Figure 15: Visualization results of GigaWorld-0-3D, showcasing geometrically consistent rendering and physically realistic robot actions.
Policies trained solely on GigaWorld-0-generated data with the GigaBrain-0 VLA model achieve high task success rates in real robot deployments across laundry folding, paper towel preparation, table bussing, juice preparation, basket and box movement (Figures 17–22). This demonstrates cross-domain, zero-shot generalization and robust performance without real-world interaction during training.
Figure 16: Deployment of GigaBrain-0 on the G1 humanoid robot for real-world laundry folding.
Figure 17: Deployment of GigaBrain-0 on the PiPER arms for real-world paper towel preparation.
Figure 18: Deployment of GigaBrain-0 on PiPER arms for real-world table bussing.
Figure 19: Deployment of GigaBrain-0 on G1 humanoid robot for real-world juice preparation.
Figure 20: Deployment of GigaBrain-0 on the G1 humanoid robot for real-world paper towel preparation.
Figure 21: Deployment of GigaBrain-0 on the PiPER arms for real-world laundry baskets moving.
Implications and Future Directions
GigaWorld-0 establishes world models as core data infrastructure for embodied AI, enabling high-throughput generation of instruction-aligned, physically realistic, and geometrically coherent synthetic datasets. The capacity for appearance, viewpoint, and embodiment generalization addresses longstanding sim2real transfer challenges and enables scalable policy training for heterogeneous robotic platforms.
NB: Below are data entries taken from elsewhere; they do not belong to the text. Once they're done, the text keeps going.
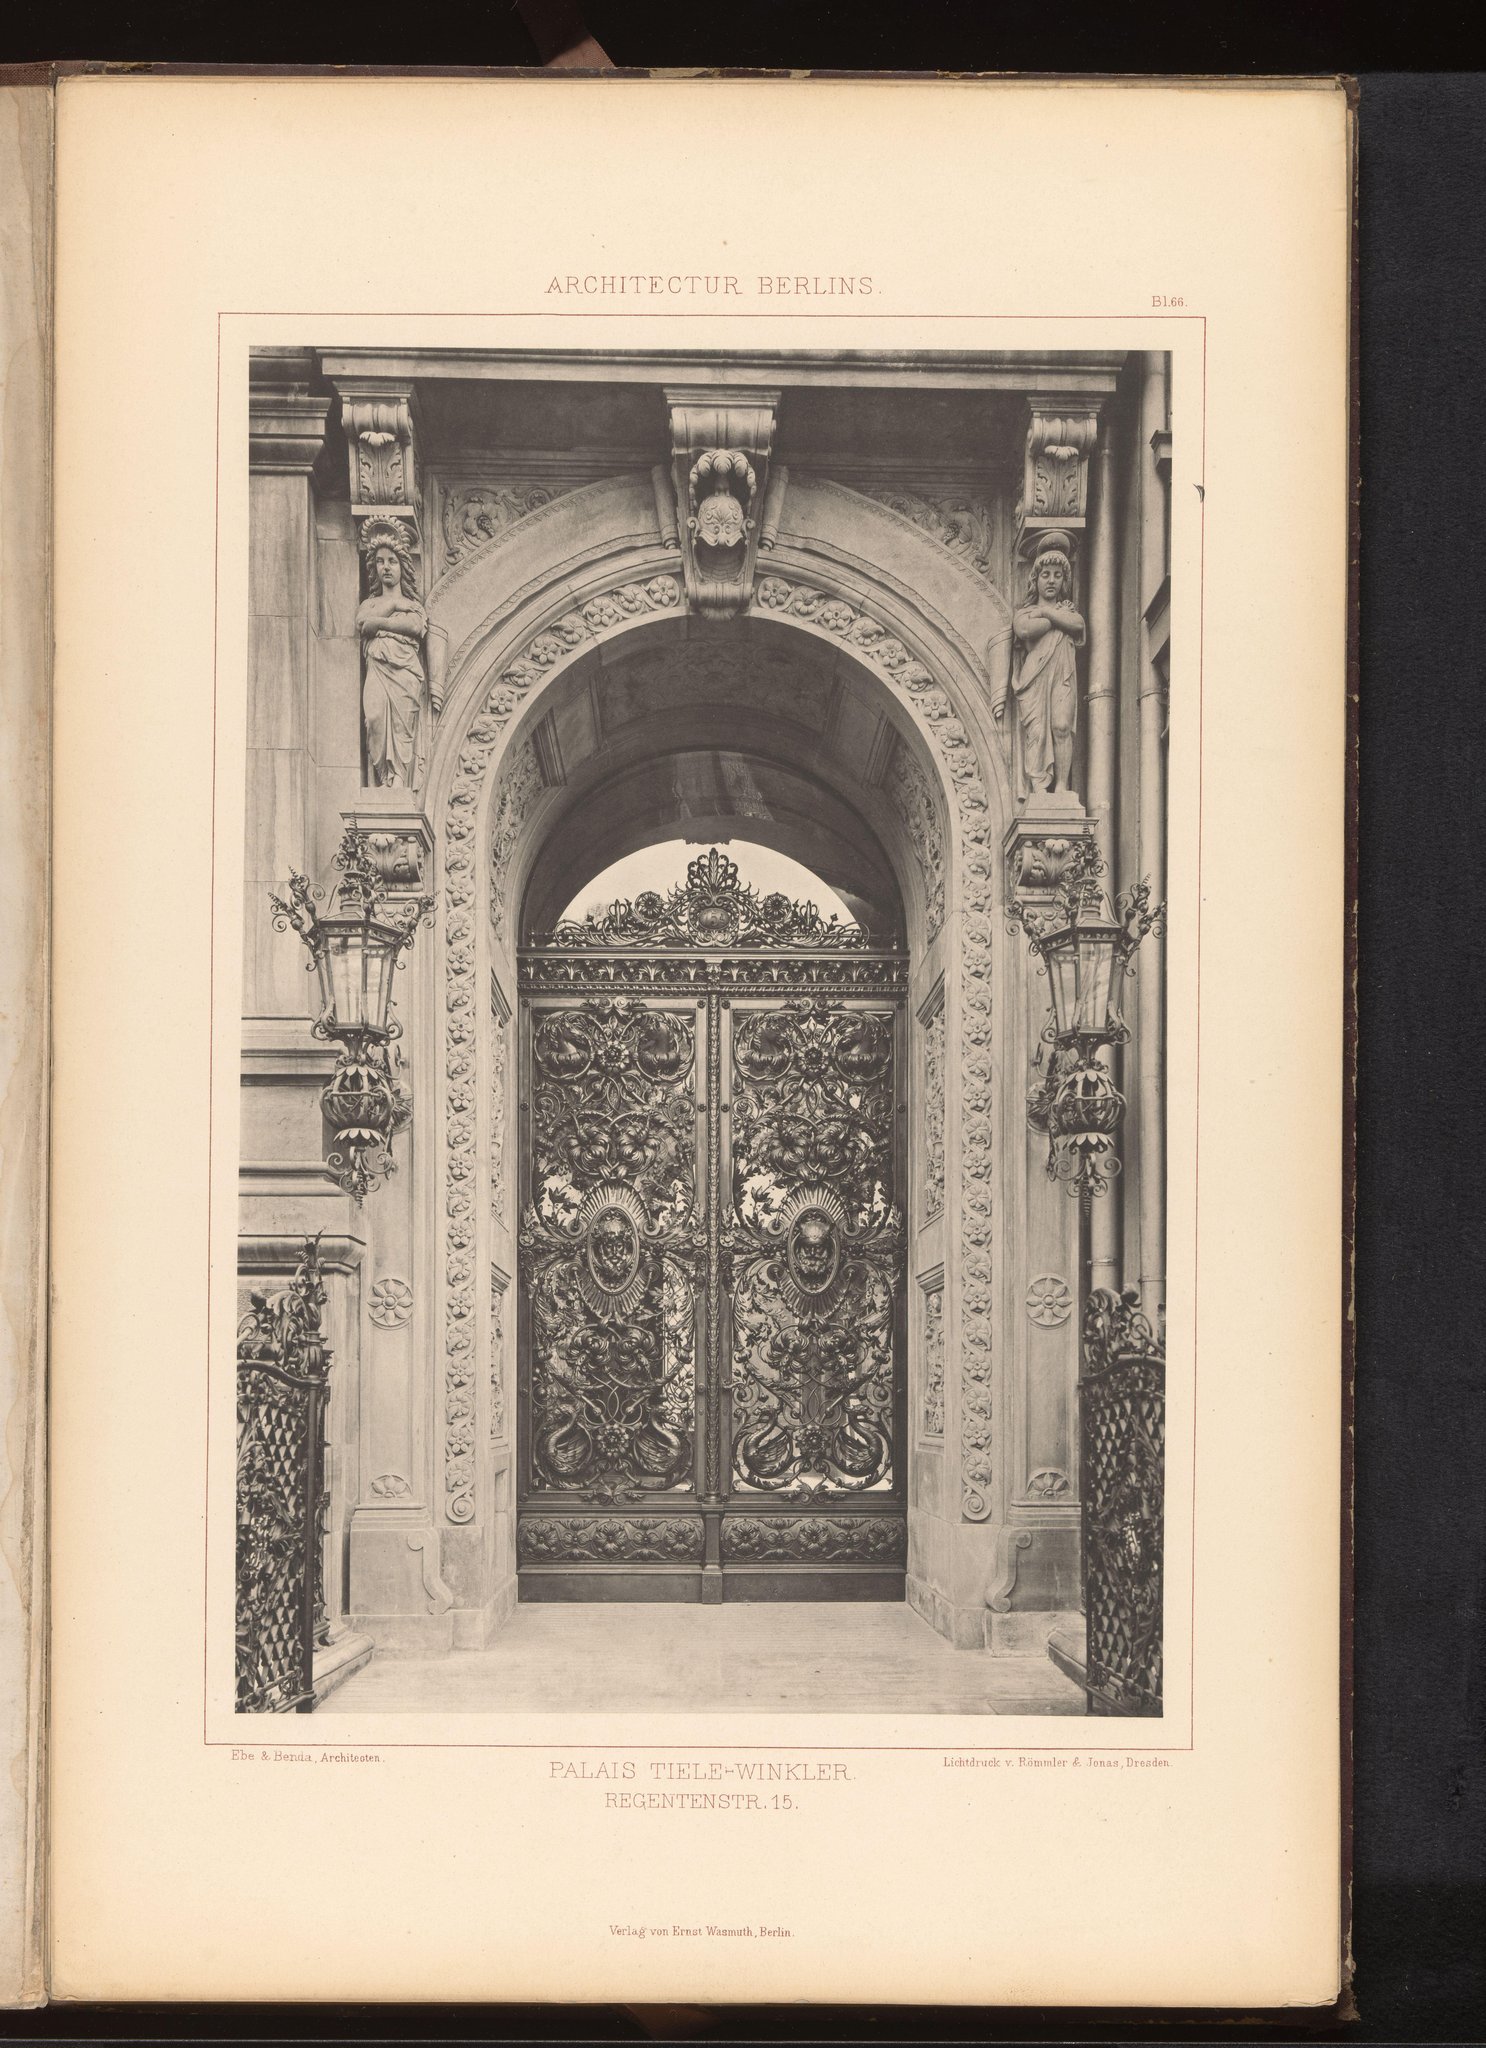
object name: photomechanical print
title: Gezicht op een deur van het Palais Tiele-Winckler aan de Regentenstrasse 15 in Berlijn, Duitsland
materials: paper
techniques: photograph
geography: berlin
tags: urban housing, closed door, berlin
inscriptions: inscription: ‘Ebe & Benda, Architecten.’, number: ‘Bl. 66.’
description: Deze prent maakt deel uit van een omslag met honderd prenten en zes tekstbladen.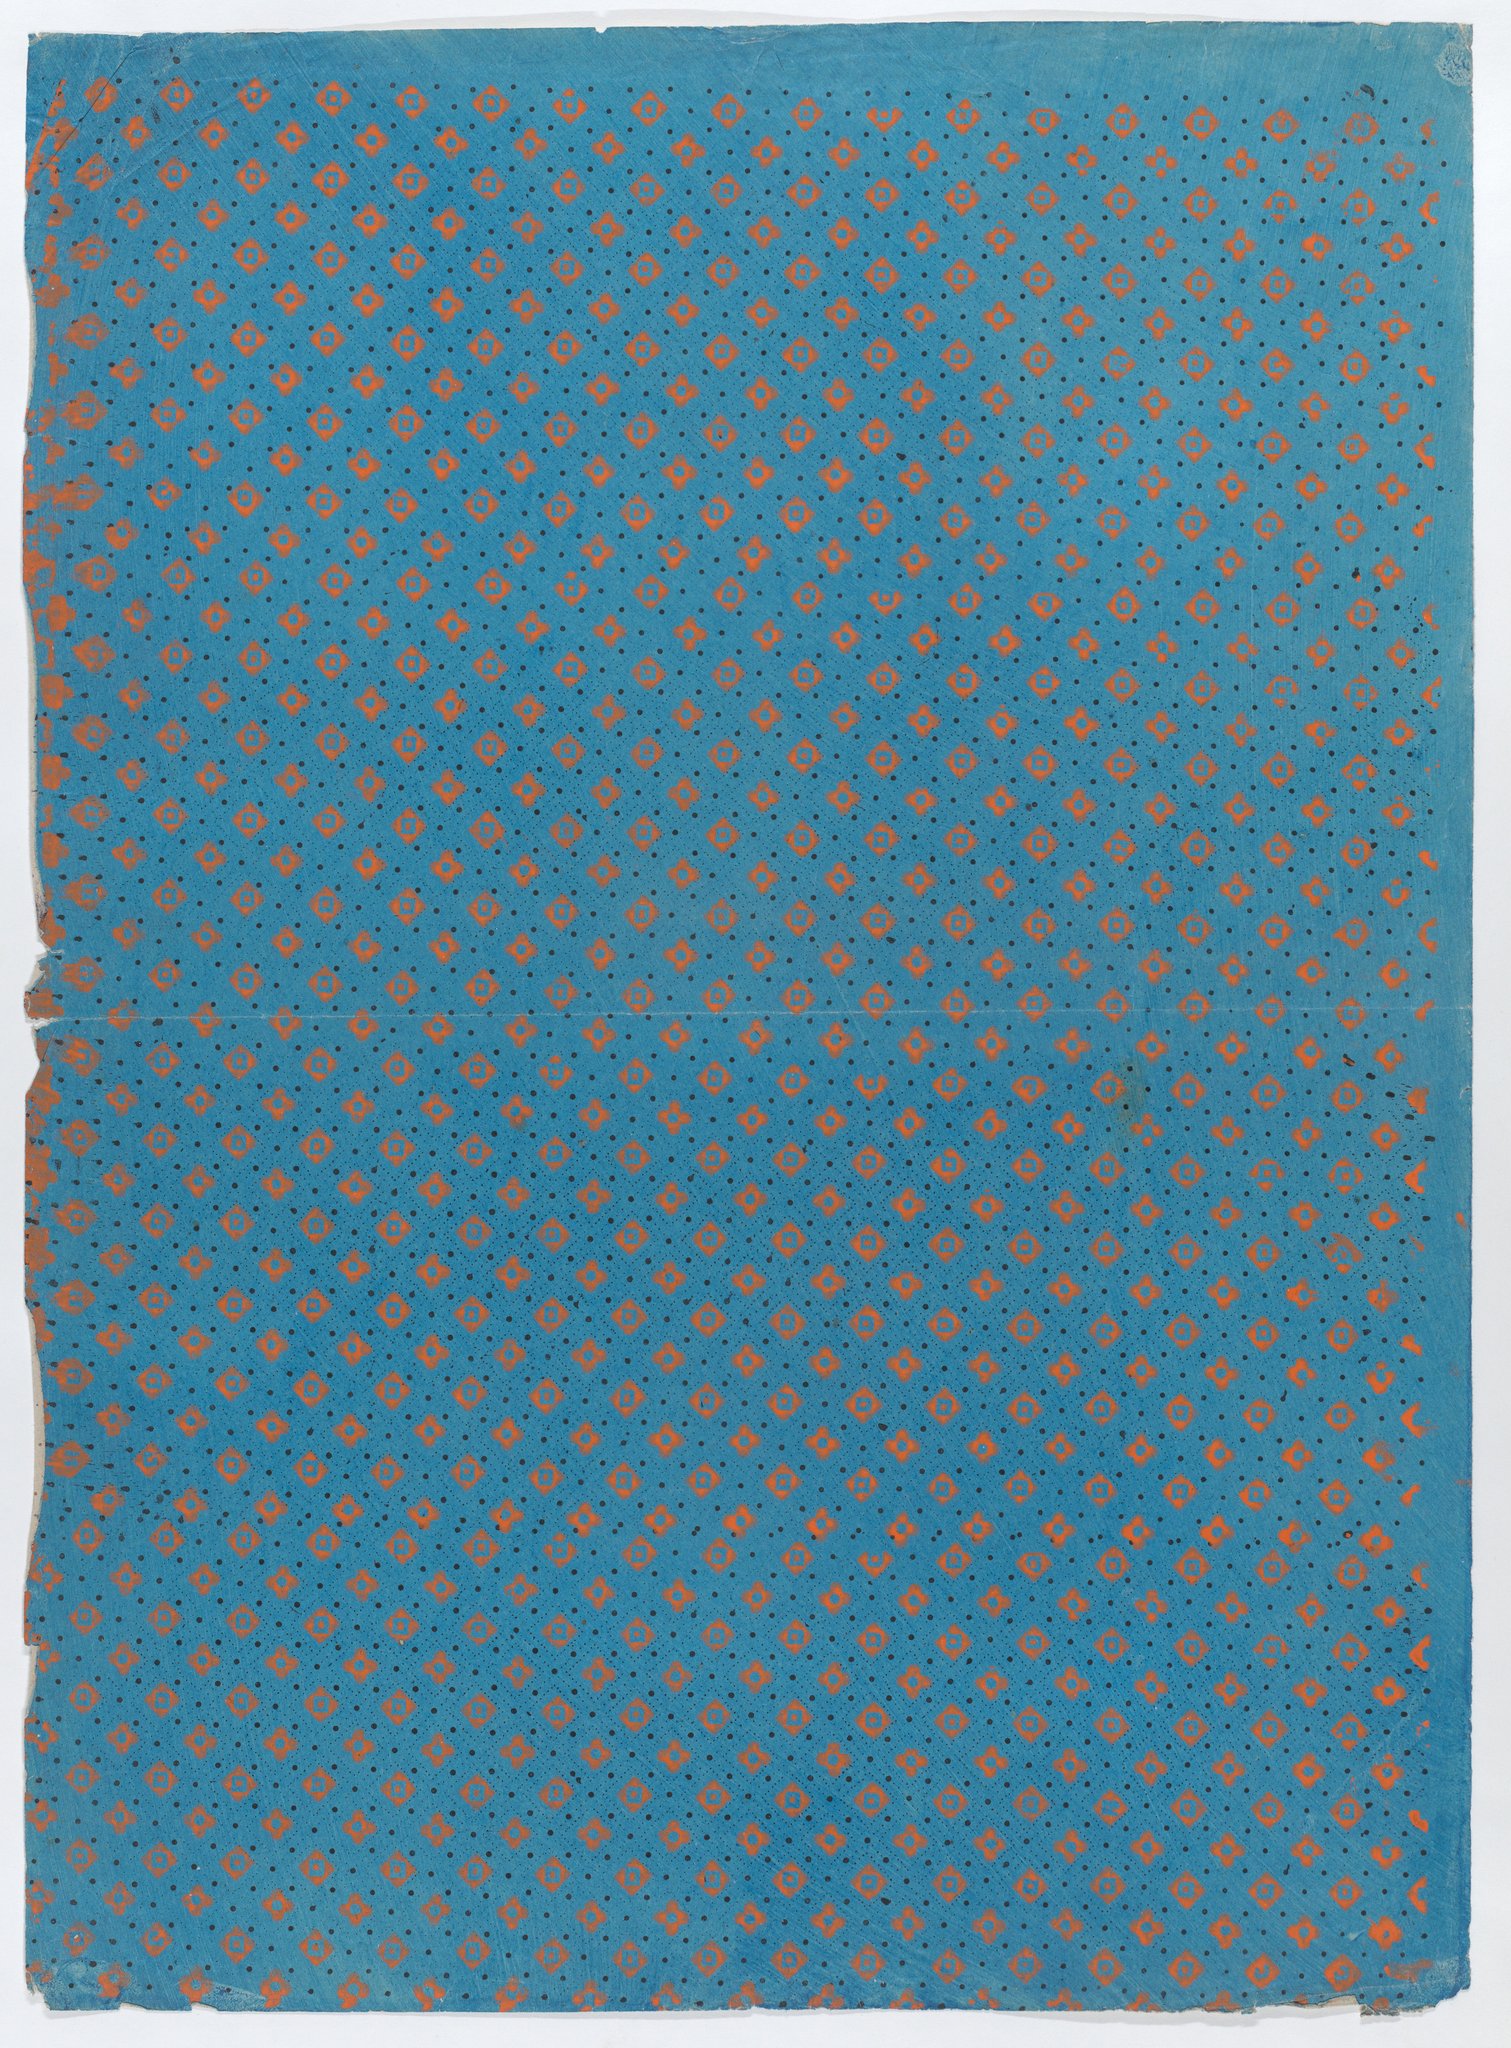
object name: print
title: Sheet with an overall dot and floral pattern
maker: Anonymous
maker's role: artist
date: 1767-1866
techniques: relief print

Potential future avenues include deployment of GigaWorld-0 as an interactive policy environment for closed-loop model-based RL, leveraging learned physical and semantic priors for active policy proposal and task decomposition, and enabling self-improving pipelines through continual real-world and synthetic data co-training.
Conclusion
GigaWorld-0 demonstrates state-of-the-art performance in synthetic data generation for embodied AI and VLA policy training, with empirically validated improvements in generalization, robustness, and scalability. Its unified modeling and large-scale training infrastructure provide a solid foundation for advancing universal robot learning and embodied intelligence research, moving toward integrated simulation-policy loops and lifelong adaptation via synthetic world models.